English actress (born 1995)

Georgina Helen Henley (born 9 July 1995) is an English actress. She began acting as a child, and became known for starring as Lucy Pevensie in the fantasy film series The Chronicles of Narnia (2005–2010), which grossed over US$1.5 billion worldwide and won her several accolades. This includes nods from several critic groups and an Empire Award nomination.

Following the end of the Chronicles of Narnia franchise, she played a leading role in the thriller film Perfect Sisters (2014), and headlined the independent mystery film The Sisterhood of Night (2015), the latter of which earned her praise and established her as a mature actress. She went on to play Margaret Tudor in the biographical series The Spanish Princess (2019–2020).

==Early life==
Henley was born on 9 July 1995 to Helen and Mike Henley in Ilkley, West Yorkshire, where she attended Moorfield School for Girls before attending Bradford Grammar School. She has two older sisters, Rachael and Laura. Rachael played the older version of Lucy Pevensie in The Chronicles of Narnia: The Lion, the Witch and the Wardrobe.

==Career==
Henley made her acting debut as Lucy Pevensie in 2005 film The Chronicles of Narnia: The Lion, the Witch and the Wardrobe, based on the C.S. Lewis novel The Lion, the Witch and the Wardrobe. The film grossed over $745 million worldwide. Henley reprised her role of Lucy Pevensie in the 2008 sequel The Chronicles of Narnia: Prince Caspian and 2010 sequel The Chronicles of Narnia: The Voyage of the Dawn Treader.

Since the release of The Lion, the Witch and the Wardrobe, Henley has appeared as Jill in the stage play Babes in the Wood put on by Upstagers' Theatre Group, which ran from 27 January to 4 February 2006. She starred as Scaramouche in Bradford Grammar School's production of We Will Rock You, which ran from 13 to 16 March 2013. She also appeared as the young Jane Eyre in the 2006 BBC adaptation of Jane Eyre.

Henley appears as Beth in the crime-drama Perfect Sisters a film based on the story of two Canadian teenaged sisters who killed their mother. The film was released in April 2014. Henley plays Mary Warren in The Sisterhood of Night. The film was released in April 2015.

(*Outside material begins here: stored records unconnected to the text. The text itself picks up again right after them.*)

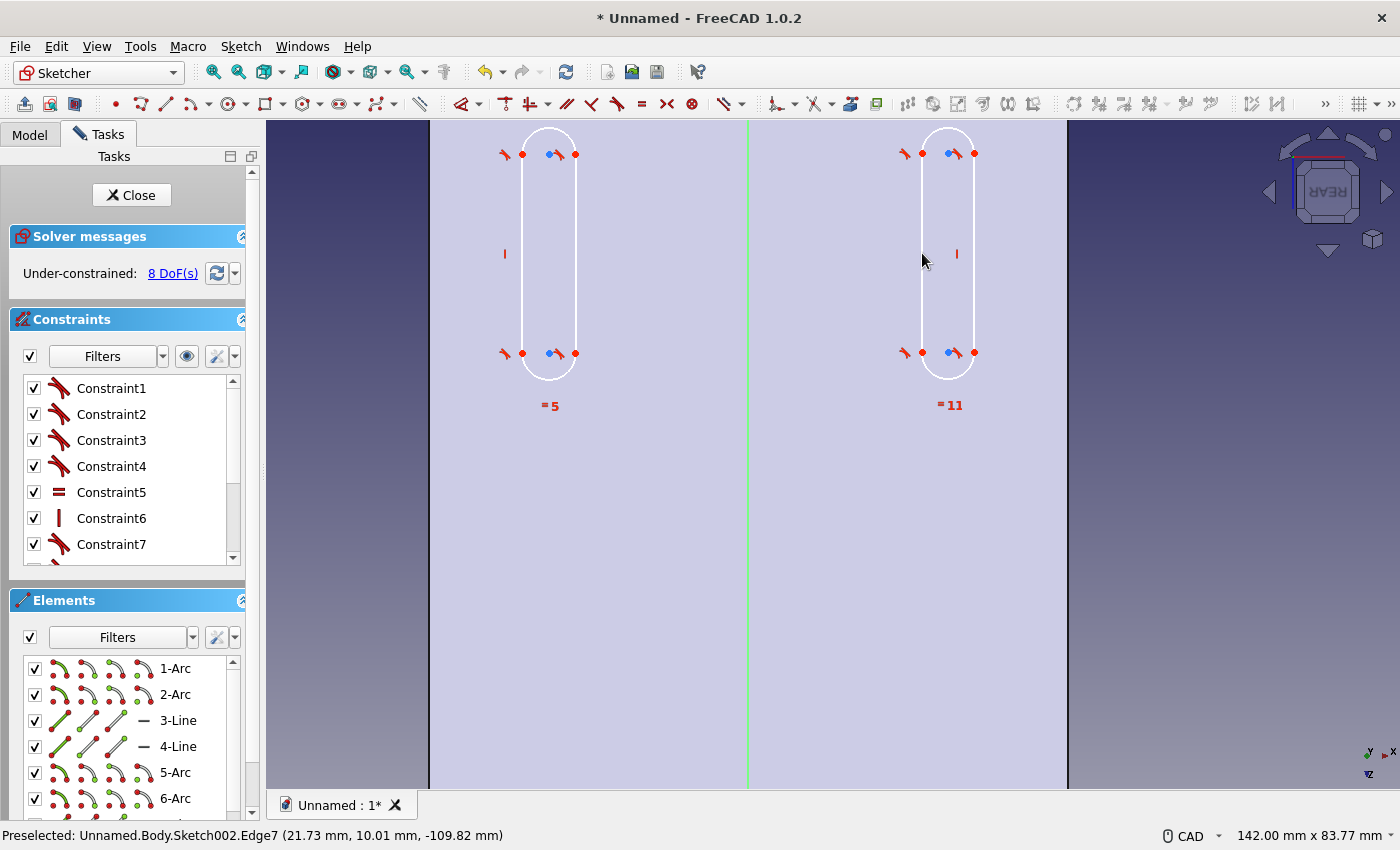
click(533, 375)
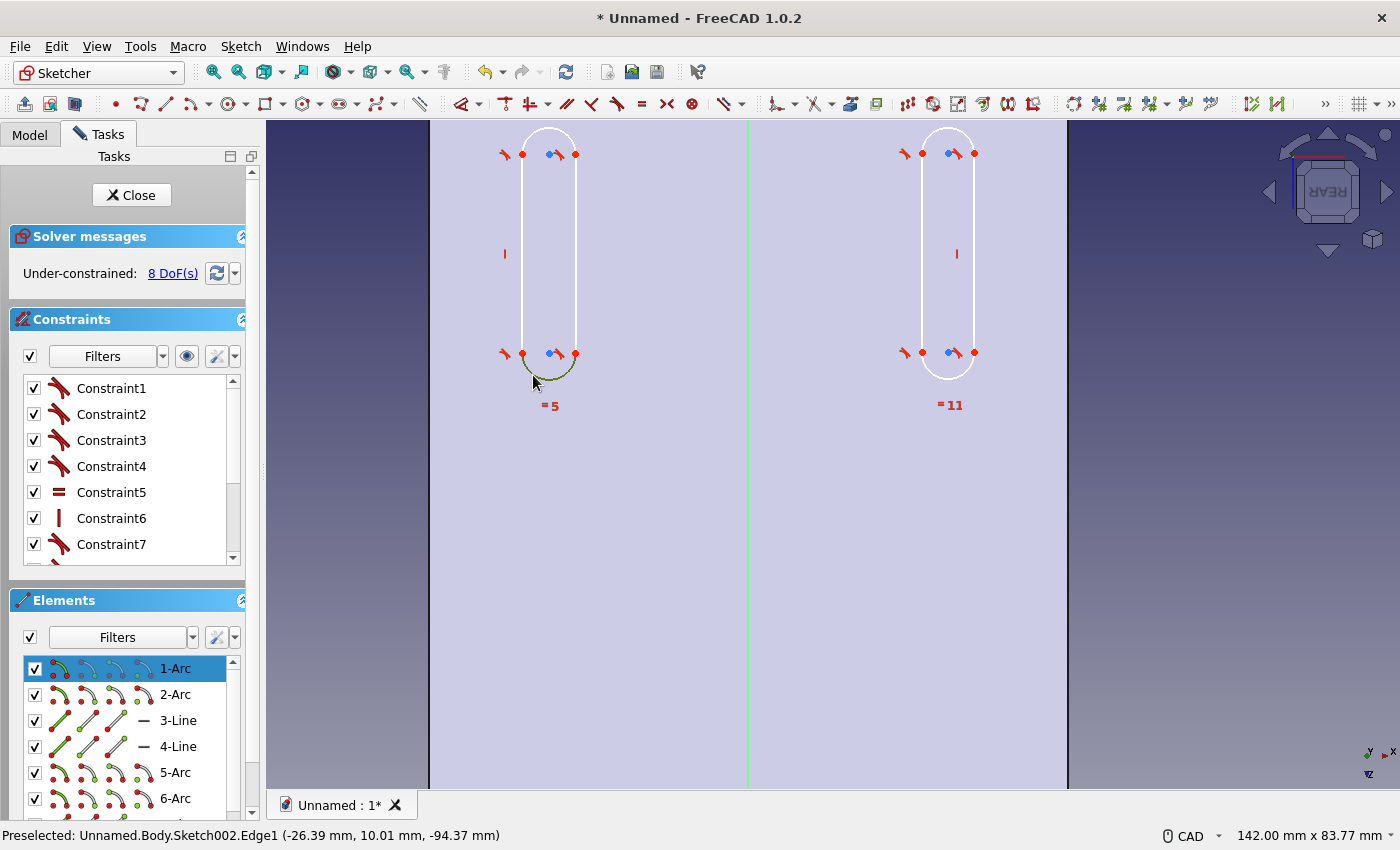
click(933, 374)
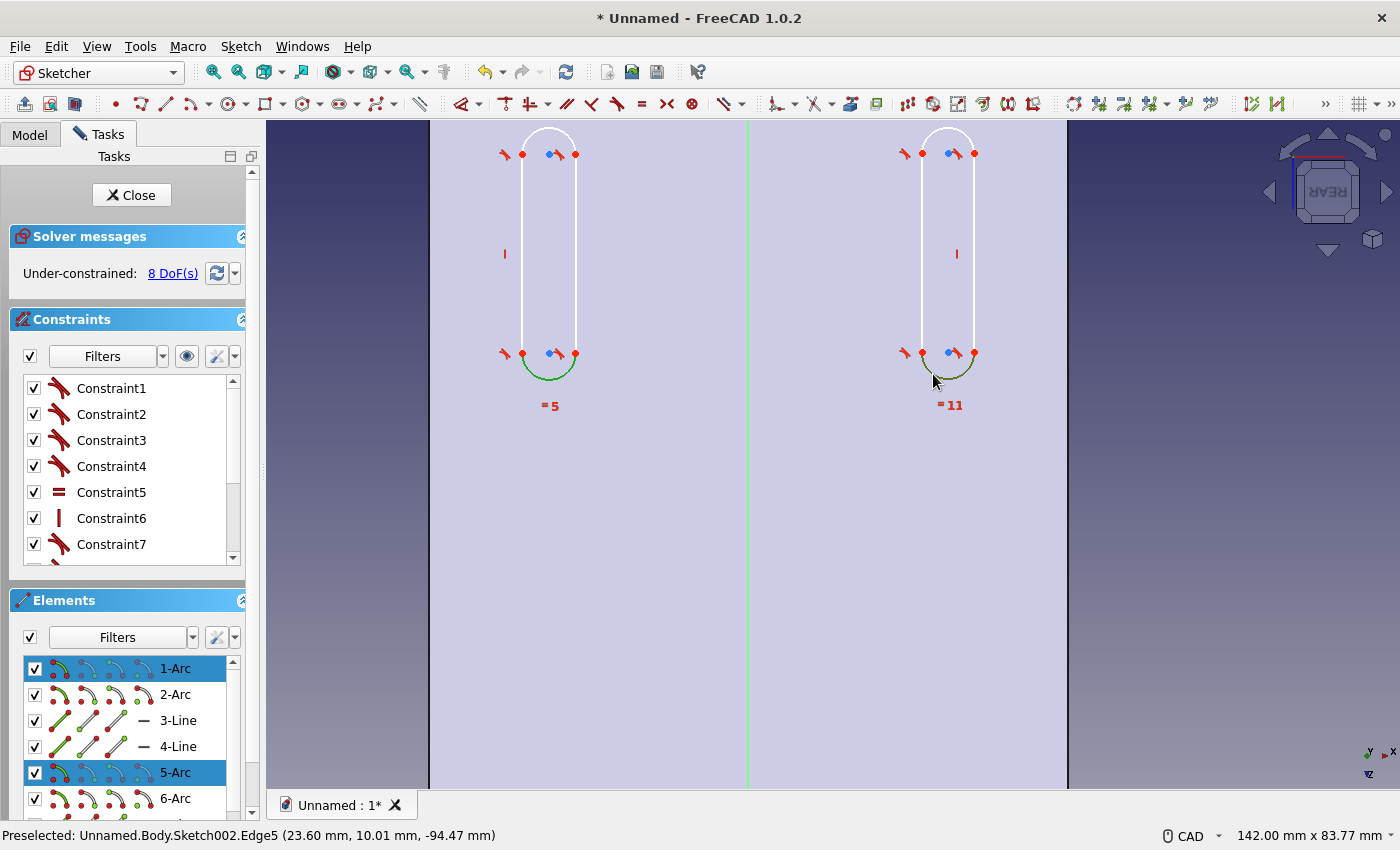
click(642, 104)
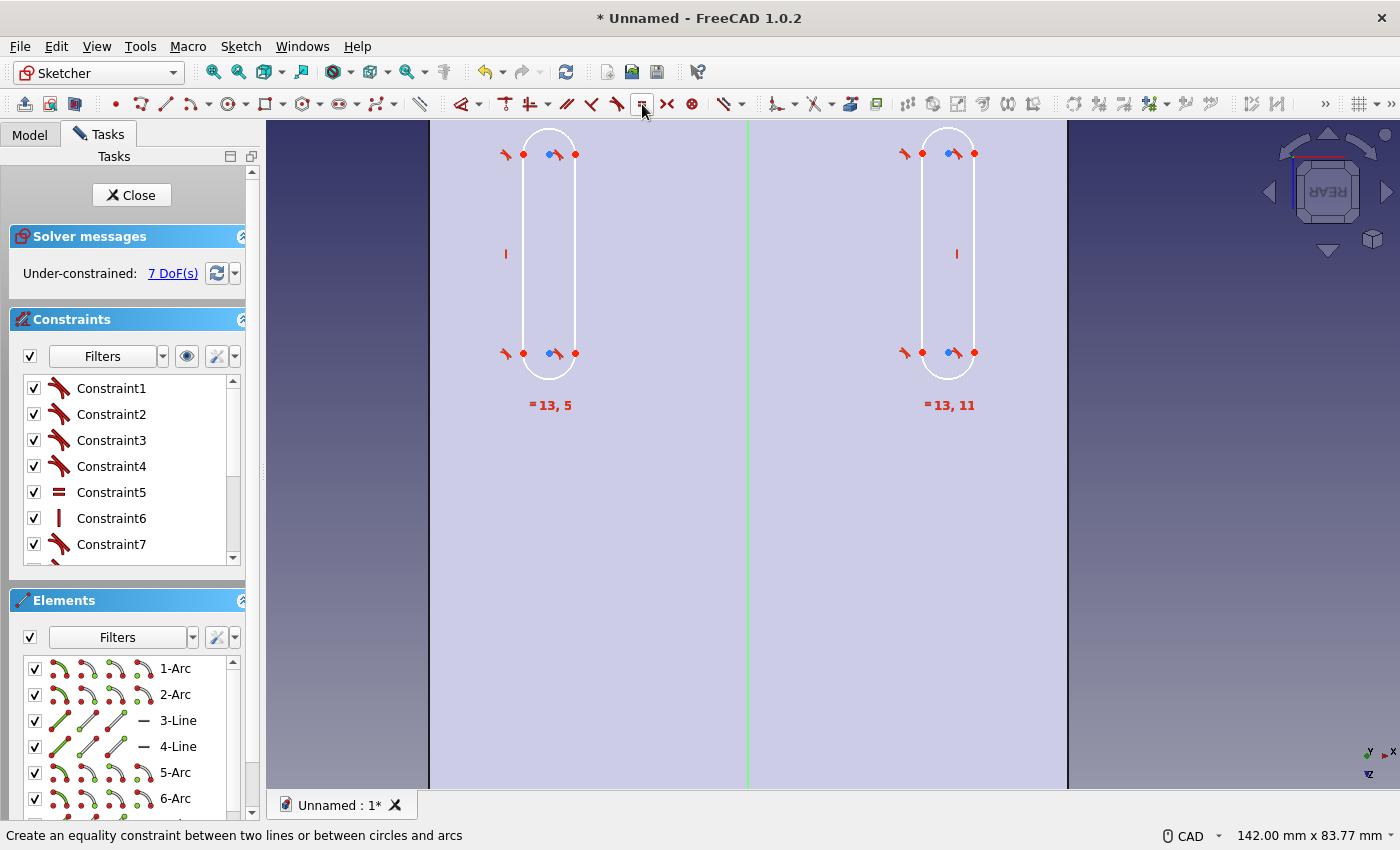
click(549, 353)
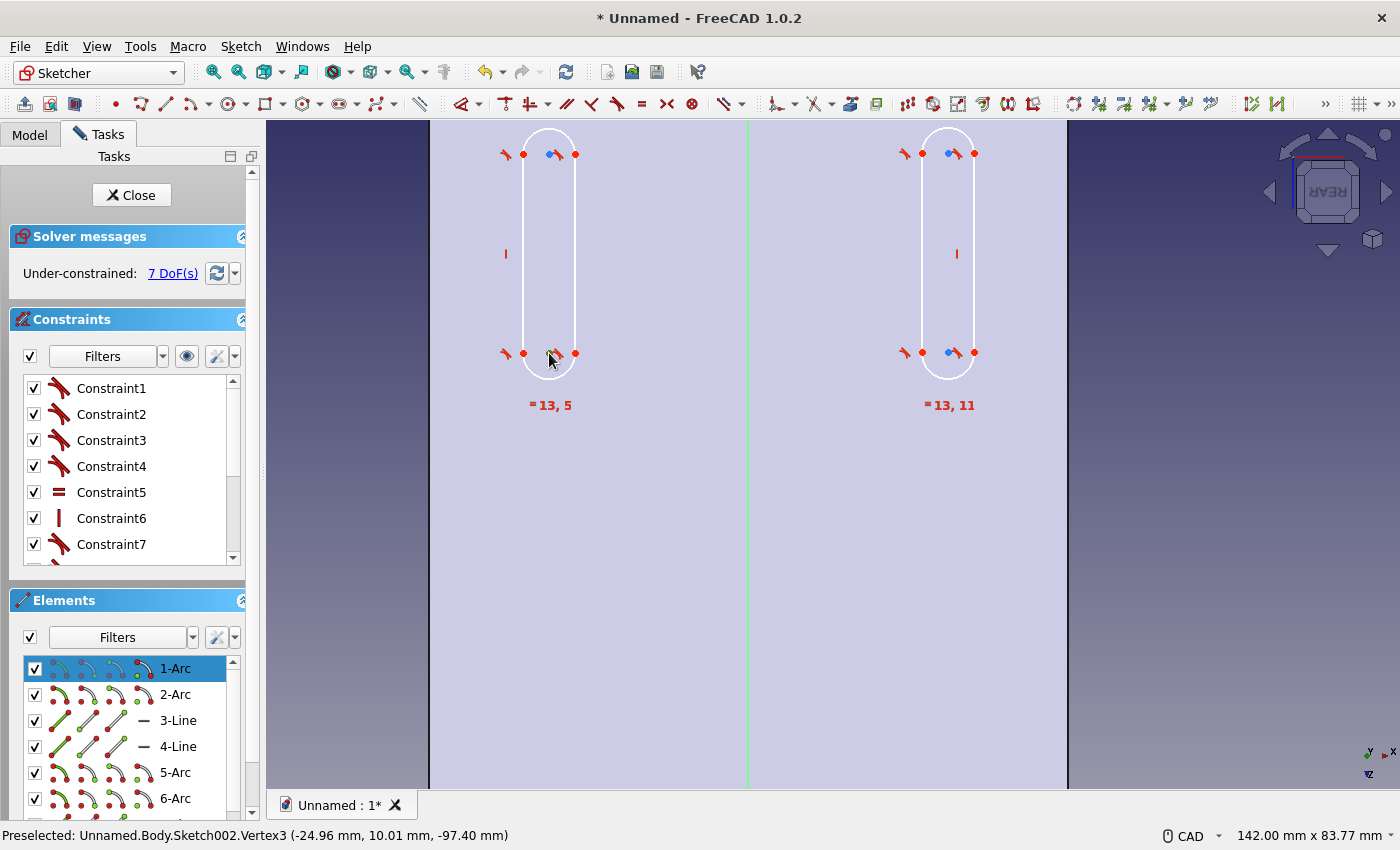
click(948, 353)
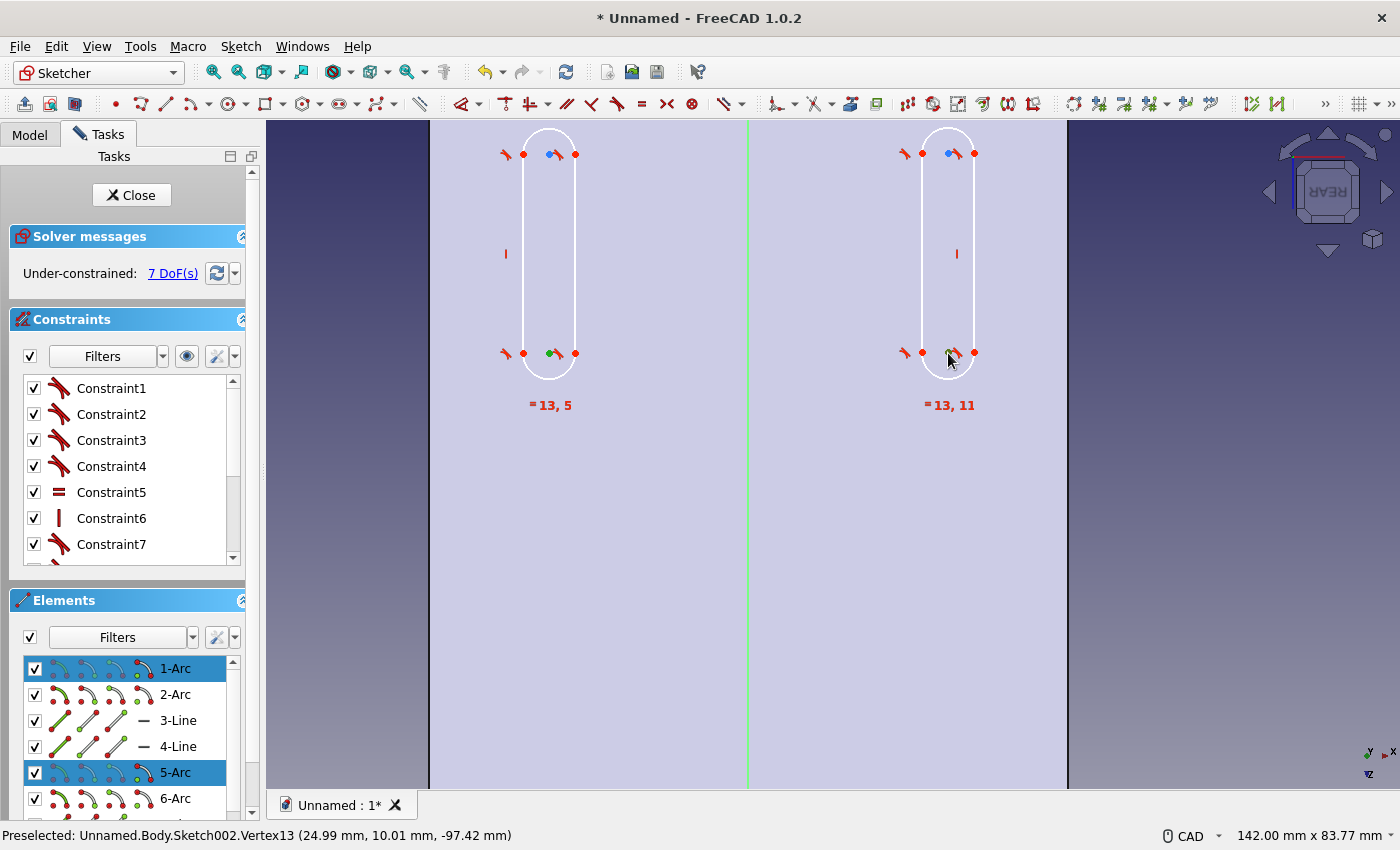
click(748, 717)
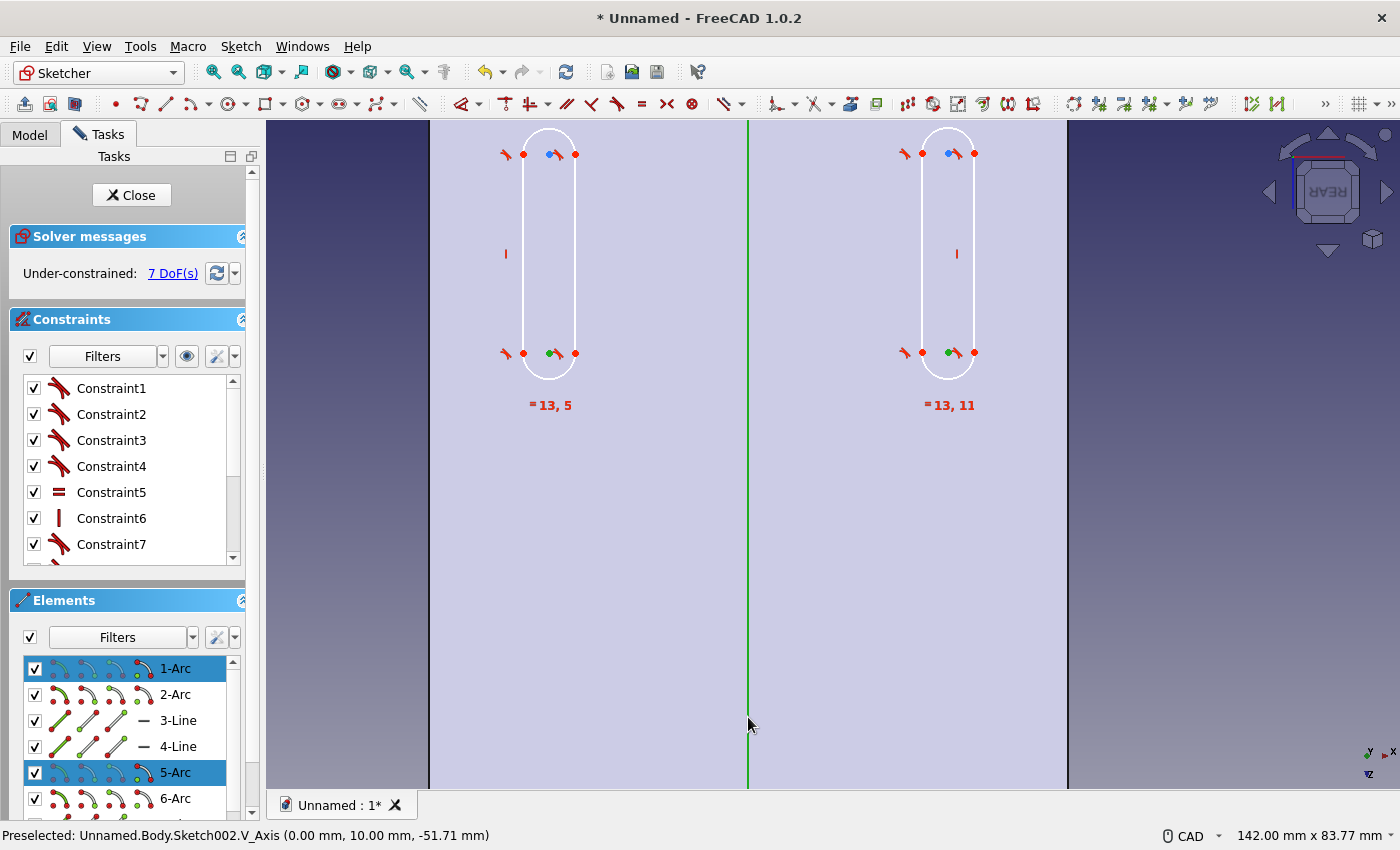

During her time at University of Cambridge Henley studied English and performed on stage in Play It Again, Sam by Woody Allen; The Penelopiad by Margaret Atwood; The Trojan Women; A Clockwork Orange by Anthony Burgess; and in the CUADC/Footlights annual pantomime. Henley has also directed projects including co-directing Sweeney Todd: The Demon Barber of Fleet Street, and After Seymour (the latter of which she co-wrote). In 2016, she appeared in the stage productions of: Skylight by David Hare; Girl, Interrupted (an adaptation of the book with the same name; and Swallow by Stef Smith. In the summer of 2014, Henley went to the Edinburgh Fringe Festival along with Cambridge Shortlegs, performing once again in The Penelopiad in the role of Eurycleia.

In 2015, Henley wrote and directed her first short film, TIDE, the story of a young lesbian couple. In late 2016, Henley starred in the film Access All Areas starring as Nat. In 2018 Henley played Margaret Tudor in the Starz limited series The Spanish Princess, based on the novels The Constant Princess (2005) and The King's Curse (2014) by Philippa Gregory. In January 2019, she was named as a cast member for an upcoming Game of Thrones prequel series, which would not be picked up by HBO.

In 2022 she published a pamphlet of poems called Amphibian.

==Personal life==
As of 2012, Henley was a supporter of SOS Children's Villages, an international orphan charity providing homes and mothers for orphaned and abandoned children. She resides in London, England. Henley is queer. She has stated she is bisexual.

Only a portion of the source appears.